= CBOSS Corporation =

Russian telecom company

CBOSS Corporation (Convergent Business Operation Support System) is a telecom company primarily based in Russia and with offices located in Finland, UAE and Vietnam. CBOSS Corporation, also known as CBOSS Group, develops IT solutions for the automation of telecommunications enterprises.
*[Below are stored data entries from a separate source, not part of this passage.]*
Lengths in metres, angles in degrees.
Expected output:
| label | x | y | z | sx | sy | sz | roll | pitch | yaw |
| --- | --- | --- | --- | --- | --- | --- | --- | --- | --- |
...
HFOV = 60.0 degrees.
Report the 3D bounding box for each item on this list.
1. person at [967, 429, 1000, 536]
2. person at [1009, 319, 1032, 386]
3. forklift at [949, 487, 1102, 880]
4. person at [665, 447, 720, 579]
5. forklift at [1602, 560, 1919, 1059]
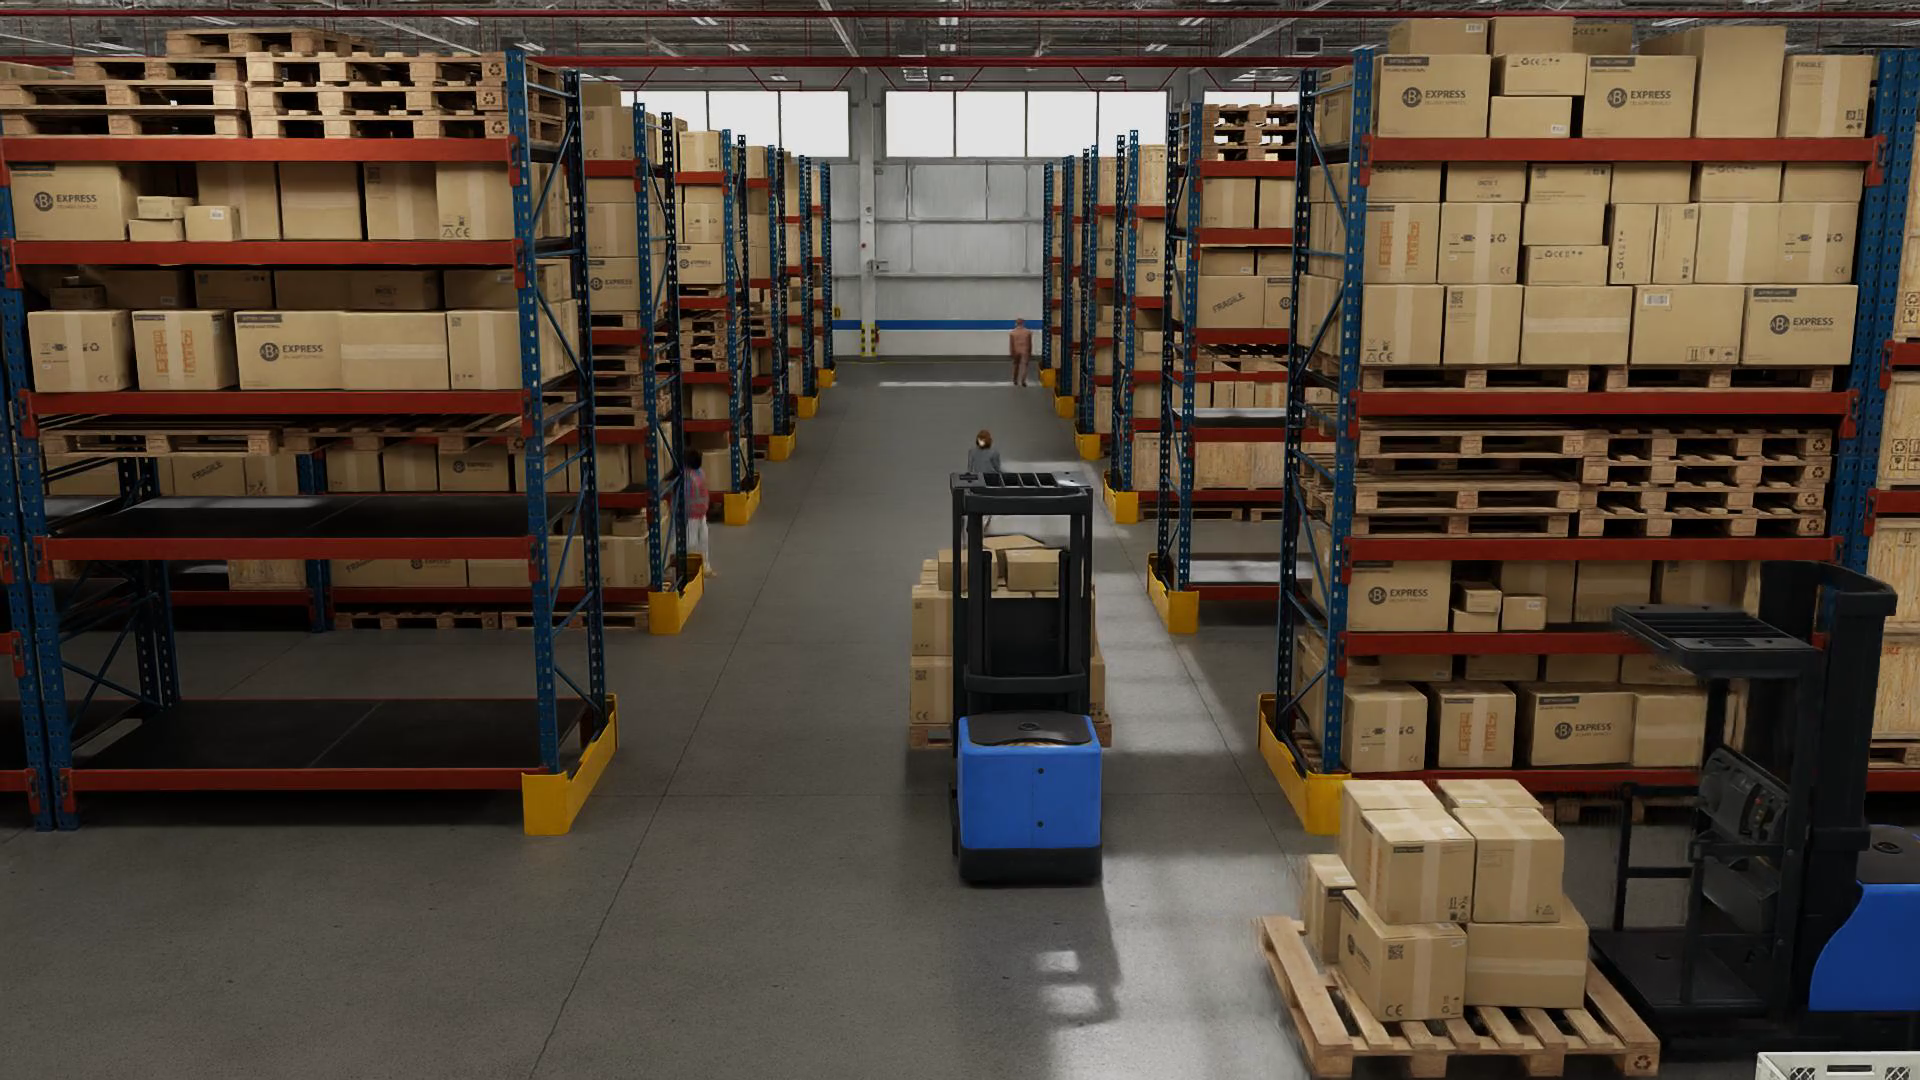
| label | x | y | z | sx | sy | sz | roll | pitch | yaw |
| --- | --- | --- | --- | --- | --- | --- | --- | --- | --- |
| person | 0.384 | -0.902 | 25.327 | 0.502 | 1.611 | 0.643 | 5 | 13 | 25 |
| person | 1.672 | -5.183 | 45.957 | 0.643 | 1.862 | 1.003 | 0 | 11 | -1 |
| forklift | 0.495 | 0.986 | 12.813 | 1.129 | 2.768 | 1.873 | 0 | 11 | -2 |
| person | -3.626 | -0.356 | 22.122 | 0.728 | 1.814 | 0.656 | 2 | 12 | 9 |
| forklift | 5.059 | 1.561 | 9.965 | 1.873 | 2.768 | 1.129 | 0 | 11 | -1 |

One of the three biggest Russian mobile operators, MTS used the CBOSS billing solution from 1998 until 2004, when it switched to FORIS
OSS-IN from STROM Telecom company

In 2004 CBOSS was rated as the 11th biggest IT company in Russia by CNews.ru. In 2006, CBOSS Corporation was recognized as the #1 IT-provider of integrated solutions for telecommunications in EMEA by Informa Telecoms Group

In February 2004 CBOSS acquired the online billing solutions subsidiary of Fujitsu Services Oy and its product - rtBilling (CBOSSrtb) prepaid billing system. This system was used by several mobile operators: Britain O2, Australian Optus, Canadian Rogers, Austrian One GmbH and Columbian Colombia Movil.

In 2008 CBOSS was selected by German MVNECO GmbH to provide IT infrastructure and IT solutions to implement mobile virtual network activities.